Thumbnail Image


Publication or External Link





Modern intelligent agents will need to learn the actions that humans perform. They will need to recognize these actions when they see them and they will need to perform these actions themselves. We want to propose a cognitive system that interprets human manipulation actions from perceptual information (image and depth data) and consists of perceptual modules and reasoning modules that are in interaction with each other. The contributions of this work are given along two core problems at the heart of action understanding: a.) the grounding of relevant information about actions in perception (the perception - action integration problem), and b.) the organization of perceptual and high-level symbolic information for interpreting the actions (the sequencing problem). At the high level, actions are represented with the Manipulation Action Context-free Grammar (MACFG) , a syntactic grammar and associated parsing algorithms, which organizes actions as a sequence of sub-events. Each sub-event is described by the hand (as well as grasp type), movements (actions) and the objects and tools involved, and the relevant information about these quantities is obtained from biological-inspired perception modules. These modules track the hands and objects and recognize the hand grasp, actions, segmentation, and action consequences. Furthermore, a probabilistic semantic parsing framework based on CCG (Combinatory Categorial Grammar) theory is adopted to model the semantic meaning of human manipulation actions.

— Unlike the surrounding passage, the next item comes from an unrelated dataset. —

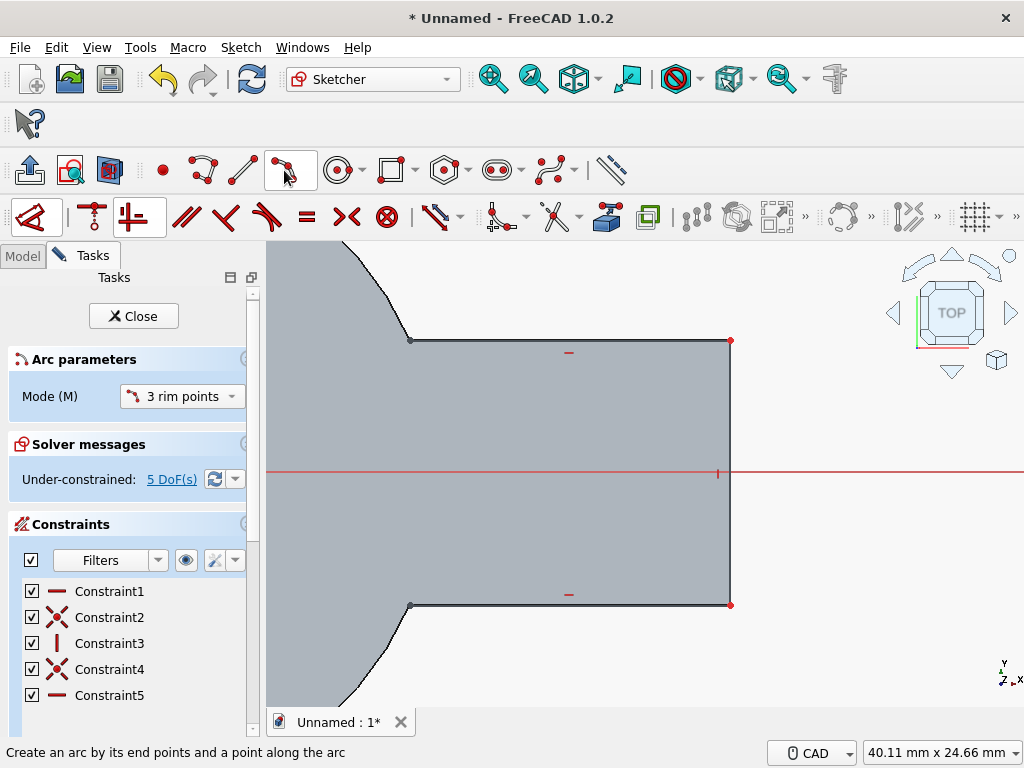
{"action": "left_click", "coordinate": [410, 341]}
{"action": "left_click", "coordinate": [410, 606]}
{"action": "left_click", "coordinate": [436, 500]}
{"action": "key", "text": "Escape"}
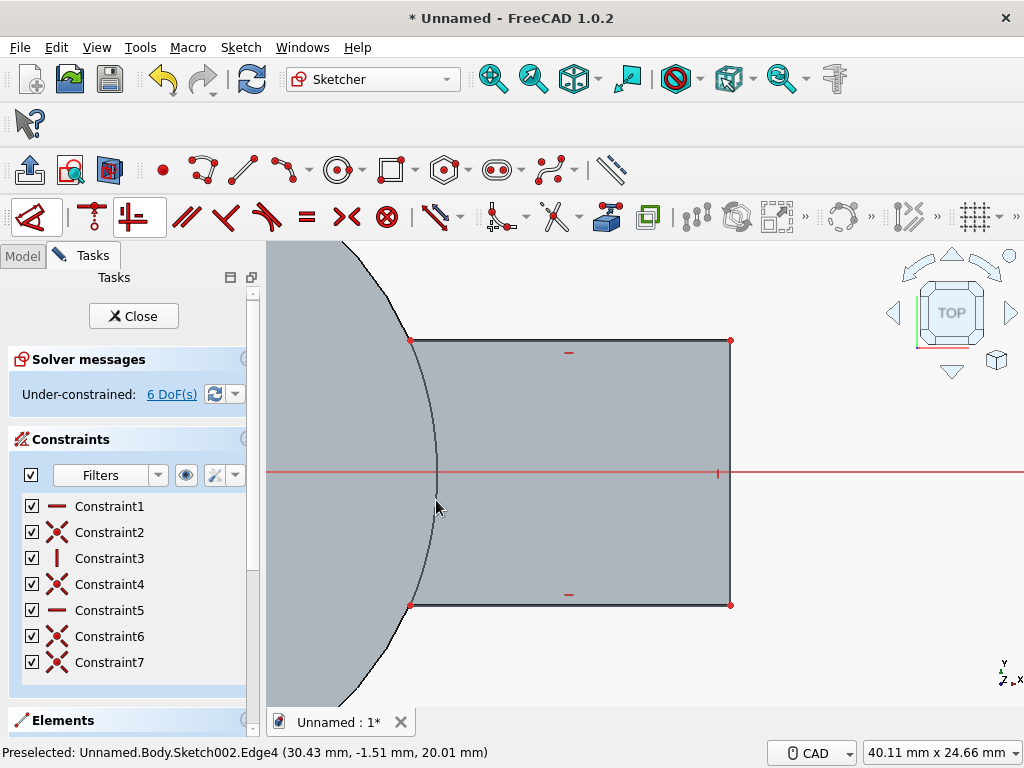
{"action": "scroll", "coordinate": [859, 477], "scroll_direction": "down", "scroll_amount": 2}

Additionally, the lesson from the findings on mirror neurons is that the two processes of interpreting visually observed action and generating actions, should share the same underlying cognitive process. Recent studies have shown that grammatical structures underlie the representation of manipulation actions, which are used both to understand and to execute these actions. Analogically, understanding manipulation actions is like understanding language, while executing them is like generating language. Experiments on two tasks, 1) a robot observing people performing manipulation actions, and 2) a robot then executing manipulation actions accordingly, are presented to validate the formalism. The technical parts of this thesis are devoted to the experimental setting of task (1), while the task (2) is given as a live demonstration.